Fentimans is a botanical brewery based in Hexham, England.

==History==
Thomas Fentiman, an iron puddler from Cleckheaton, England, acquired a recipe for botanically brewed ginger beer in 1905 when a fellow tradesman approached Fentiman for a loan. The loan was never repaid so Thomas became the owner of the recipe. The firm became a door-to-door ginger beer sales company using a horse-drawn vehicle for transport. His ginger beer was stored in handmade stone jars known as 'grey hens', all stamped with the Fentimans mascot based on Thomas' German Shepherd dog 'Fearless' who won the Crufts obedience class twice in 1933 and 1934. The botanically brewed ginger beer became popular quickly and the business grew, with several brewing and production facilities being opened in the North of England.

The company fell on hard times as supermarkets entered the soft drinks market. As a result, sales of the grey hens slumped and the company closed down in the mid 1960s. But in 1988, Thomas Fentiman's great grandson re-established the business with a mission to produce drinks in the original way, using the traditional ginger beer recipe and 100% natural ingredients. From then, with old-style products and vintage goods becoming more popular, Fentimans has enjoyed a wave of popularity.

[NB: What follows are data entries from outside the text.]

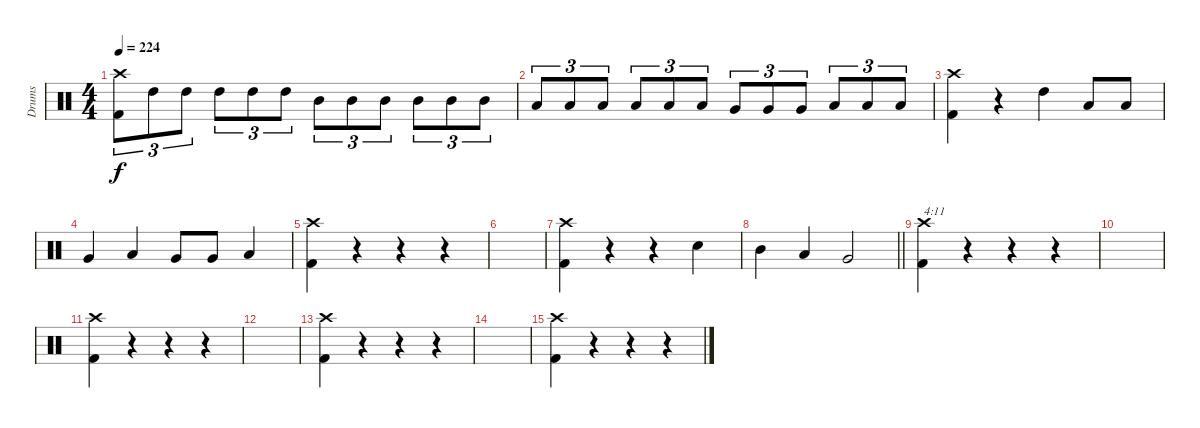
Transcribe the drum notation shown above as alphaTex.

\track ("Drums" "Drums") {instrument percussion}
\staff {score}
\articulation defaults
\ts (4 4)
\tempo 224
\clef neutral
\ks c
("Crash high (hit)" "Kick (hit) 2").8{tu (3 2) dy f} "High Tom (hit)".8{tu (3 2)} "High Tom (hit)".8{tu (3 2)} "High Tom (hit)".8{tu (3 2)} "High Tom (hit)".8{tu (3 2)} "High Tom (hit)".8{tu (3 2)} "Mid Tom (hit)".8{tu (3 2)} "Mid Tom (hit)".8{tu (3 2)} "Mid Tom (hit)".8{tu (3 2)} "Mid Tom (hit)".8{tu (3 2)} "Mid Tom (hit)".8{tu (3 2)} "Mid Tom (hit)".8{tu (3 2)} |
"Low Tom (hit)".8{tu (3 2)} "Low Tom (hit)".8{tu (3 2)} "Low Tom (hit)".8{tu (3 2)} "Low Tom (hit)".8{tu (3 2)} "Low Tom (hit)".8{tu (3 2)} "Low Tom (hit)".8{tu (3 2)} "Very Low Tom (hit)".8{tu (3 2)} "Very Low Tom (hit)".8{tu (3 2)} "Very Low Tom (hit)".8{tu (3 2)} "Low Floor Tom (hit)".8{tu (3 2)} "Low Floor Tom (hit)".8{tu (3 2)} "Low Floor Tom (hit)".8{tu (3 2)} |
("Crash high (hit)" "Kick (hit) 2").4 r.4 "High Tom (hit)".4 "Low Tom (hit)".8 "Low Tom (hit)".8 |
"Very Low Tom (hit)".4 "Low Tom (hit)".4 "Very Low Tom (hit)".8 "Very Low Tom (hit)".8 "Low Floor Tom (hit)".4 |
("Crash high (hit)" "Kick (hit) 2").4 r.4 r.4 r.4 |
|
("Crash high (hit)" "Kick (hit) 2").4 r.4 r.4 "Electric Snare (hit)".4 |
\barLineRight lightlight "Mid Tom (hit)".4 "Low Tom (hit)".4 "Very Low Tom (hit)".2
|
\section ("" "")
("Crash high (hit)" "Kick (hit) 2").4{txt "4:11"} r.4 r.4 r.4 |
|
("Crash high (hit)" "Kick (hit) 2").4 r.4 r.4 r.4 |
|
("Crash high (hit)" "Kick (hit) 2").4 r.4 r.4 r.4 |
|
("Crash high (hit)" "Kick (hit) 2").4 r.4 r.4 r.4
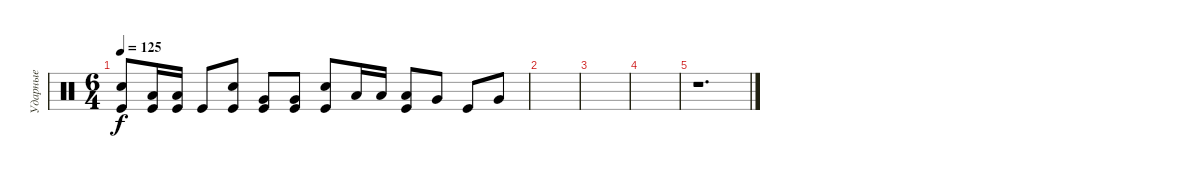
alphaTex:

\track ("Ударные" "Ударные") {instrument percussion}
\staff {score}
\articulation defaults
\ts (6 4)
\tempo 125
\clef neutral
\ks c
("Electric Snare (hit)" "Kick (hit)").8{dy f} ("Low Tom (hit)" "Kick (hit)").16 ("Low Tom (hit)" "Kick (hit)").16 "Kick (hit)".8 ("Electric Snare (hit)" "Kick (hit)").8 ("Very Low Tom (hit)" "Kick (hit)").8 ("Very Low Tom (hit)" "Kick (hit)").8 ("Electric Snare (hit)" "Kick (hit)").8 "Low Tom (hit)".16 "Low Tom (hit)".16 ("Low Tom (hit)" "Kick (hit)").8 "Very Low Tom (hit)".8 "Kick (hit)".8 "Very Low Tom (hit)".8 |
|
|
|
r.1{d}

Since 1905, Fentimans has brewed botanical sodas with ingredients including roots, bark and flowers, and with the exception of adding new flavours, Fentimans make their sodas the same as at the turn of the century. Some production processes have been updated, for example, pasteurisation to extend the shelf life of the drinks. This causes the loss of some carbon dioxide, so mild carbonation was introduced.
===21st century===
Fentimans has franchised in the US, where products are manufactured in Pennsylvania and are available across North America. More than two-thirds of Fentimans' overseas sales are in Europe, with the bulk of the remainder in the US, Japan, South America, Canada and Russia. Both UK and US divisions use the same recipe and brewing methods to create Fentimans. North America has purchased identical brewery equipment to that used decades ago, to maintain the characteristic flavour. In recent times they have changed their recipe in the UK to include the sweetener Steviol glycosides.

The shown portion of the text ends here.